Records from a dataset:
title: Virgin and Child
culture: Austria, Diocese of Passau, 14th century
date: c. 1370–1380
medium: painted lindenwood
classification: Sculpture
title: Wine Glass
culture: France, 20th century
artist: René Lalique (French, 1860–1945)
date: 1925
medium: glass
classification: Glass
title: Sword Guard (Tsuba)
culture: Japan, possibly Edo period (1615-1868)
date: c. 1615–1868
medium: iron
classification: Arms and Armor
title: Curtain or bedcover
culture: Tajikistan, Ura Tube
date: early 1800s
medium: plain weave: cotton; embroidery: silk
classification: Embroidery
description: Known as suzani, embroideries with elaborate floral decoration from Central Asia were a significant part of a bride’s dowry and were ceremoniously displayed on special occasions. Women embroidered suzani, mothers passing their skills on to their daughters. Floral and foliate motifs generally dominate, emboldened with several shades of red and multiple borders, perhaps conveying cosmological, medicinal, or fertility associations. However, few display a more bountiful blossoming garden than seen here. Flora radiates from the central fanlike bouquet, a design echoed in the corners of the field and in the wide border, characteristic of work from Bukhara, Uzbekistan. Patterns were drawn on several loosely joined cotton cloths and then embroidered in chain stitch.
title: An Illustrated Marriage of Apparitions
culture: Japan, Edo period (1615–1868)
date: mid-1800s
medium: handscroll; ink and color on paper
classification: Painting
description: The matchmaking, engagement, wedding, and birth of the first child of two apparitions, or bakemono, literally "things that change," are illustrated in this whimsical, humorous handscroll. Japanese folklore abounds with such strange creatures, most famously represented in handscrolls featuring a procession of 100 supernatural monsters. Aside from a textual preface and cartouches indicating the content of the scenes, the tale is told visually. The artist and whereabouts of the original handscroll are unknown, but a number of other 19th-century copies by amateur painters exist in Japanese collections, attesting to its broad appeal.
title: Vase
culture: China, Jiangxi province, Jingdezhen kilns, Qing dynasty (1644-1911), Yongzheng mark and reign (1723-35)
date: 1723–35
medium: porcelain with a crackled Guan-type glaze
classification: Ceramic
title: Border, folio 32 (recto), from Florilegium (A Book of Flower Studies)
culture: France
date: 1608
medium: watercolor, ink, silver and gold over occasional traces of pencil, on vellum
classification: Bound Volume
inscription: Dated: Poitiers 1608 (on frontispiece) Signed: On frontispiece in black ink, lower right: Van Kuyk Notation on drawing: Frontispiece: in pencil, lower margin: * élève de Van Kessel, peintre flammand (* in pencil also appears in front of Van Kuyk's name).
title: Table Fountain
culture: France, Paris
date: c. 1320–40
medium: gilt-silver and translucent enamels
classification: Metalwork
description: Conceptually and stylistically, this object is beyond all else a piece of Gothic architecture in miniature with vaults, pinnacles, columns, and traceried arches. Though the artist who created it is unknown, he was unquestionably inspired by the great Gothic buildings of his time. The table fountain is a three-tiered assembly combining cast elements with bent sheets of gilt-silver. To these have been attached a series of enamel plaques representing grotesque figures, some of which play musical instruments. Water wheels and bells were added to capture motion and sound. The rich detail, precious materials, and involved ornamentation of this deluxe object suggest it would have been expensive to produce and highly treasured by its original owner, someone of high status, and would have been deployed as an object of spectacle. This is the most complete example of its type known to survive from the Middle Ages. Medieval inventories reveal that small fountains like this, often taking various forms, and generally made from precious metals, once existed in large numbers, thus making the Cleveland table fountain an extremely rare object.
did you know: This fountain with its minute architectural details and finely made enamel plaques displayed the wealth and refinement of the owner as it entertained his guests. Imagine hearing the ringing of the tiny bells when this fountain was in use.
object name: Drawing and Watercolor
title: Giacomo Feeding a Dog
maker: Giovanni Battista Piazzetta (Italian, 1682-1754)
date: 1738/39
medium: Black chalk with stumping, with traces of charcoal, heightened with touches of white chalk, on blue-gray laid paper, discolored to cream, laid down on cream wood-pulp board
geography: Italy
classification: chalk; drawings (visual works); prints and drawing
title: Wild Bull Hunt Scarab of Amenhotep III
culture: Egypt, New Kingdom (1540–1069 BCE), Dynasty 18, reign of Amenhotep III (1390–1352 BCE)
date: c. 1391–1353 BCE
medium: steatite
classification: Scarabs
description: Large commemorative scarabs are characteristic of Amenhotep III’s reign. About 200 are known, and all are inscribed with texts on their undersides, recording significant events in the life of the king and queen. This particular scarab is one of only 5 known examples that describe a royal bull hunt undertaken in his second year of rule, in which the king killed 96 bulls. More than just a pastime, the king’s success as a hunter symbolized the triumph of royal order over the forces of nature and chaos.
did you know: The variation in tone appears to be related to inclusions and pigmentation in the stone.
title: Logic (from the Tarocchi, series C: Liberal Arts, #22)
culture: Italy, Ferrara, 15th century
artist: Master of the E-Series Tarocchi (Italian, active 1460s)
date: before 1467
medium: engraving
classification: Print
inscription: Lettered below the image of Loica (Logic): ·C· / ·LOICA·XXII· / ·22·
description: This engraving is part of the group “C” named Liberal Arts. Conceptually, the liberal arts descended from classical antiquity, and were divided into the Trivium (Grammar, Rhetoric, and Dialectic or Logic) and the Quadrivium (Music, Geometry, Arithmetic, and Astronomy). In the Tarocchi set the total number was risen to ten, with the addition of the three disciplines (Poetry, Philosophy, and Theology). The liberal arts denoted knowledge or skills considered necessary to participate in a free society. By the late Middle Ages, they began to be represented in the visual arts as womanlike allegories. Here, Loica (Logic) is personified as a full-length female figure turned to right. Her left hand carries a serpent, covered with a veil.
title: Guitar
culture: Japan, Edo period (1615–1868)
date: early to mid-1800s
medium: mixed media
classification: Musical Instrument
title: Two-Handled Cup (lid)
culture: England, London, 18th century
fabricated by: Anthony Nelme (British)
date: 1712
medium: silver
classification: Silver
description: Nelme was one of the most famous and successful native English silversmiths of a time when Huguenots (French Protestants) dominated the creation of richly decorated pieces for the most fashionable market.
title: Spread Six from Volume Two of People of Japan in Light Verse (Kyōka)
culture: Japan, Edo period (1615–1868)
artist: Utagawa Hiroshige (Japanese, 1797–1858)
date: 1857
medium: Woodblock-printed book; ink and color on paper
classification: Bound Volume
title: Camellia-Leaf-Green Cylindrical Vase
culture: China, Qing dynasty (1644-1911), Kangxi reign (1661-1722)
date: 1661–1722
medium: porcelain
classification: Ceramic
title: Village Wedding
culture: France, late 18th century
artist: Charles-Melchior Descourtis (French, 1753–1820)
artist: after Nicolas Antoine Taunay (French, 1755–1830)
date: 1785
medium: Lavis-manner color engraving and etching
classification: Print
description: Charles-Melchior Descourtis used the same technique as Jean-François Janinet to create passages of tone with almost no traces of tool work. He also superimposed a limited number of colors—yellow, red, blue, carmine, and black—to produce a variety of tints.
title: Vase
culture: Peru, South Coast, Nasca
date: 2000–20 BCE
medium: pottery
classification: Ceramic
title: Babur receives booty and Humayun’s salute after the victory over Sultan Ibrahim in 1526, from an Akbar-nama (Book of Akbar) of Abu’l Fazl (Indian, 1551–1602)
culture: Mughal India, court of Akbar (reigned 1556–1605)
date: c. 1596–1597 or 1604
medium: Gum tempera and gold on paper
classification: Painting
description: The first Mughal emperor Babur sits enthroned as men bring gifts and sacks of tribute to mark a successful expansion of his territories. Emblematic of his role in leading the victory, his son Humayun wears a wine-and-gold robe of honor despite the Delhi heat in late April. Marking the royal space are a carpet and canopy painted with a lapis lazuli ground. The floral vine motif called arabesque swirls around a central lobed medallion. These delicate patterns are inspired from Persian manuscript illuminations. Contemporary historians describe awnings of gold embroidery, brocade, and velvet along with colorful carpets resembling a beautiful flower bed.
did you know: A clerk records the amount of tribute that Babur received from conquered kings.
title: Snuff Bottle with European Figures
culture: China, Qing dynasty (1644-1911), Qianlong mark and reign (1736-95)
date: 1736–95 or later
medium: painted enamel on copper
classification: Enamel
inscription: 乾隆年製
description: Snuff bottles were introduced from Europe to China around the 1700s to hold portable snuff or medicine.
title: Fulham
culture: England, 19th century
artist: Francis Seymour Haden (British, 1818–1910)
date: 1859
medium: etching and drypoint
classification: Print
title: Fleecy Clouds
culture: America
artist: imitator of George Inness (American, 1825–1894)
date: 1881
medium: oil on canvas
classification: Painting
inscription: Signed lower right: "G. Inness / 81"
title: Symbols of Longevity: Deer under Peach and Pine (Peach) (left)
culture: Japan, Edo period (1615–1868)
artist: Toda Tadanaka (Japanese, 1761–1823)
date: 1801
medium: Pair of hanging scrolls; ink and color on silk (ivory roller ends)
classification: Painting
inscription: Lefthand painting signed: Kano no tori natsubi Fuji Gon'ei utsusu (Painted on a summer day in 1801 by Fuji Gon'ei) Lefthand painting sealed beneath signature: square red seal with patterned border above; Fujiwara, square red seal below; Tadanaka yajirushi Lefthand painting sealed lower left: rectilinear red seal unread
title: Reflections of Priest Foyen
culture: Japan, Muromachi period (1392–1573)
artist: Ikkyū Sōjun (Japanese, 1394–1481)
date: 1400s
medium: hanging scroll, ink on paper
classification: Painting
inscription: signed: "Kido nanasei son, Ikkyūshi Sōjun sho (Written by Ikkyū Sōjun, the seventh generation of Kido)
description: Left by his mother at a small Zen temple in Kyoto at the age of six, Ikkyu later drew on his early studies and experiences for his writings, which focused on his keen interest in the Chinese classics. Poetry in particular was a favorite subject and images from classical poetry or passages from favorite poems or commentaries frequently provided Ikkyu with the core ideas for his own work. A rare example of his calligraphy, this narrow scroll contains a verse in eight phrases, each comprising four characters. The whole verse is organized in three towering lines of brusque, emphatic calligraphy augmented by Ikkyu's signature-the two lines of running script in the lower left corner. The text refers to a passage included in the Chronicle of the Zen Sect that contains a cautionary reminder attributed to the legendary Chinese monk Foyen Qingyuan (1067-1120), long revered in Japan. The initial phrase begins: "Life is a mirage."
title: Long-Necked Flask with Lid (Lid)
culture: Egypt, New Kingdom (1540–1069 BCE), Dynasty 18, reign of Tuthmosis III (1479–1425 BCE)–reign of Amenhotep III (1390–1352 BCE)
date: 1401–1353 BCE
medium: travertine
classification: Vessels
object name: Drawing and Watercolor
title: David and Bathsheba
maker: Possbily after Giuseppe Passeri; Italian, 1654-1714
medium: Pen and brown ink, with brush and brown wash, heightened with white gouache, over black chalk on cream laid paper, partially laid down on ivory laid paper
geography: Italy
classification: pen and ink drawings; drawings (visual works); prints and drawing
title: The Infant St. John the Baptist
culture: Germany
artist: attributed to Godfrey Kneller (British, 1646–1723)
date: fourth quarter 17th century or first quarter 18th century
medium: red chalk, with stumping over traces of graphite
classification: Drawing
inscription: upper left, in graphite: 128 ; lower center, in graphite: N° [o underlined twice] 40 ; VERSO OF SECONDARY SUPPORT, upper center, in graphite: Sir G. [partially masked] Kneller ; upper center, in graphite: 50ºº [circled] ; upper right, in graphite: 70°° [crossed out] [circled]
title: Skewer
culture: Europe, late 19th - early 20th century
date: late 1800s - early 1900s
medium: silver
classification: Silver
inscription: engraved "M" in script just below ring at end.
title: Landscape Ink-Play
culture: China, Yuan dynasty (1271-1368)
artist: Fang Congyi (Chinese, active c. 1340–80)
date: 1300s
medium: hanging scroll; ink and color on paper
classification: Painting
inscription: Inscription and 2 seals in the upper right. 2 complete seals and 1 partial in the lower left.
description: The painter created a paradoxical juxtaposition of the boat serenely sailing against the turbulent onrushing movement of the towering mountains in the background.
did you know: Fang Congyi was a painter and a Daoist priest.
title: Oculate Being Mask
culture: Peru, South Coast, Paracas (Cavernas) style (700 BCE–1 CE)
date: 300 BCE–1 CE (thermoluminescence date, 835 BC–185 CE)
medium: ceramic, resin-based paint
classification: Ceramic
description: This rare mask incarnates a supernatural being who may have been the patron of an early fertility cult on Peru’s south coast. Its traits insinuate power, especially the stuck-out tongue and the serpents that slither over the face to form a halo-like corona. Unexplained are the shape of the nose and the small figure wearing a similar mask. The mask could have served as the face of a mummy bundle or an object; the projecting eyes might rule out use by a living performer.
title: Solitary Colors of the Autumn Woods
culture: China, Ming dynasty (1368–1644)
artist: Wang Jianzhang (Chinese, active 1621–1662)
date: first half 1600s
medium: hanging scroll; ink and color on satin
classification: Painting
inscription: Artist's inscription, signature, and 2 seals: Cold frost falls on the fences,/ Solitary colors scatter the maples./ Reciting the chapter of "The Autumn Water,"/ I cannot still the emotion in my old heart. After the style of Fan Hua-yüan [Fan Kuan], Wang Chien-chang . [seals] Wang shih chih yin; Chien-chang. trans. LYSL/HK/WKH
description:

• Problem details
Set the entries down again exactly, beginning with their first line and ending with the line that contains "classification: Embroidery"; omit all other lines.

• Answer space
title: Virgin and Child
culture: Austria, Diocese of Passau, 14th century
date: c. 1370–1380
medium: painted lindenwood
classification: Sculpture
title: Wine Glass
culture: France, 20th century
artist: René Lalique (French, 1860–1945)
date: 1925
medium: glass
classification: Glass
title: Sword Guard (Tsuba)
culture: Japan, possibly Edo period (1615-1868)
date: c. 1615–1868
medium: iron
classification: Arms and Armor
title: Curtain or bedcover
culture: Tajikistan, Ura Tube
date: early 1800s
medium: plain weave: cotton; embroidery: silk
classification: Embroidery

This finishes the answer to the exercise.